The existing switching model for detecting network issues relies on users to identify a problem and report it to IT, Black notes, leading to delays in resolving the issues that impact overall enterprise productivity.

“For example, when business users experience a dropped session during a webconferencing call, they can’t notify the networking team until after the fact,” he writes. “Meanwhile, other users are also affected.”

The Aruba 8400 automatically detects traffic anomalies related to events — such as dropped calls or potential network attacks — and begins collecting additional data from the switch. Further, Black writes, “data from various sources is correlated, enabling an operator to see that a configuration change preceded a conference call event or that a suspicious traffic spike actually relates to normal utilization rather than an attack.”
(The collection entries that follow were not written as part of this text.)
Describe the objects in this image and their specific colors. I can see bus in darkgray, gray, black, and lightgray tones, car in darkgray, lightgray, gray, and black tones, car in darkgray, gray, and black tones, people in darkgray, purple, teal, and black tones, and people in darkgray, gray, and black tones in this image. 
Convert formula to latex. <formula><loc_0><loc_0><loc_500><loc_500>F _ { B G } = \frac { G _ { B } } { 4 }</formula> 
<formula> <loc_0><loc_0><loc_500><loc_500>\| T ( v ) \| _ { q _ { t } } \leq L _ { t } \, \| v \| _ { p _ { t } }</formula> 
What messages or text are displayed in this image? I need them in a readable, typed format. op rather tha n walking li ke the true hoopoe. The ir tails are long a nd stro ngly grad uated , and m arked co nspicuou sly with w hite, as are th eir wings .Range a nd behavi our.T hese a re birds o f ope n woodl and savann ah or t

Meanwhile, the Aruba 8400 also is fully programmable with a built-in Python interpreter and REST-based APIs for every function, the company states. “This allows for easy integration and ongoing flexibility with infrastructure and applications, including the Aruba Mobile First Platform, for end-to-end network monitoring, detection, troubleshooting, and closed-loop remediation of network performance or security-related issues,” the company notes in a release.

With the new platform, network operators can create programming and administration dashboards to fit a business’s needs. “Rather than using a generic dashboard, or waiting for a requested feature to be included in a new release, this capability boosts IT efficiency by placing the most relevant actions at your operators’ fingertips and enabling your staff to evolve the interface to meet new demands,” Black writes.
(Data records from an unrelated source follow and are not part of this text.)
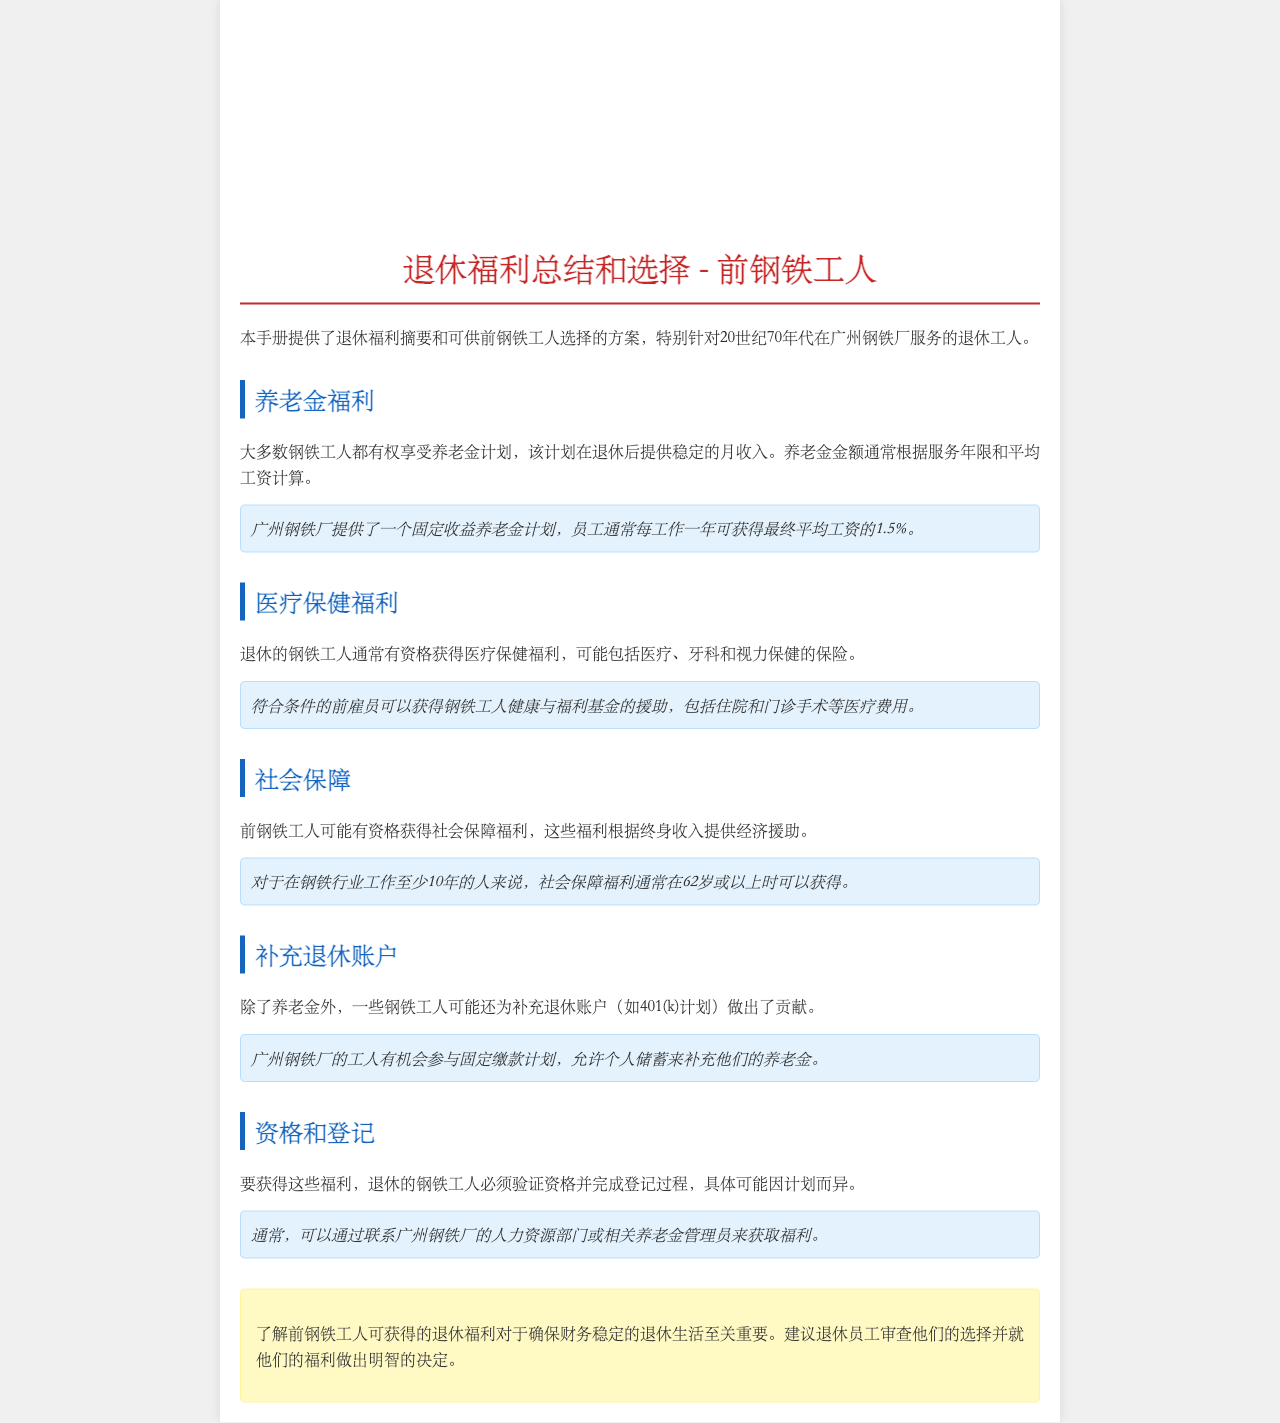What is the primary purpose of the manual? The manual provides a summary of retirement benefits and options for former steelworkers, specifically those who worked in the 1970s at the Guangzhou Steel Plant.
Answer: 退休福利总结和选择 What is the formula for calculating pension amounts? The pension amount is generally calculated based on years of service and average salary.
Answer: 服务年限和平均工资 What percentage of the final average salary do workers earn per year of service? Workers typically receive 1.5% of their final average salary for each year worked.
Answer: 1.5% What healthcare services are covered under the benefits? The benefits may include medical, dental, and vision care insurance.
Answer: 医疗、牙科和视力保健 How long must a worker be employed in the steel industry to qualify for social security benefits? Workers must have at least 10 years of service in the steel industry to qualify for social security benefits.
Answer: 10年 What type of retirement accounts might steelworkers have contributed to? Steelworkers may have contributed to supplemental retirement accounts like 401(k) plans.
Answer: 401(k)计划 What must former steelworkers do to access their benefits? Retired steelworkers must verify eligibility and complete the registration process to access their benefits.
Answer: 验证资格和完成登记 Who can provide assistance regarding the benefits? Assistance can usually be obtained by contacting the human resources department of the Guangzhou Steel Plant or related pension administrators.
Answer: 人力资源部门或养老金管理员

Tracking Assets in an IoT World

In a separate development at the conference, Aruba also introduced its asset tracking solution, which expands upon the company’s location services and mobile engagement portfolio to allow organizations — particularly those in retail and healthcare — to track critical assets, saving time and resources, as well as cutting costs.

As ZDNet reports, Aruba says “the new asset tracking solution addresses the problem of misplaced, lost, or stolen inventory in industries such as healthcare, retail, and warehousing, which can have a significant impact on overheads, staff productivity, quality of service, and revenue.”

The asset tracking solution includes new Bluetooth Low Energy (BLE) tags that can fit into the palm of your hand and an asset tag configuration application, according to Melkote, as well as advancements to ArubaOS and new features for the Aruba Meridian AppMaker.

Melkote notes that users can quickly search for assets via a mobile app, and then spend more time serving patients or customers.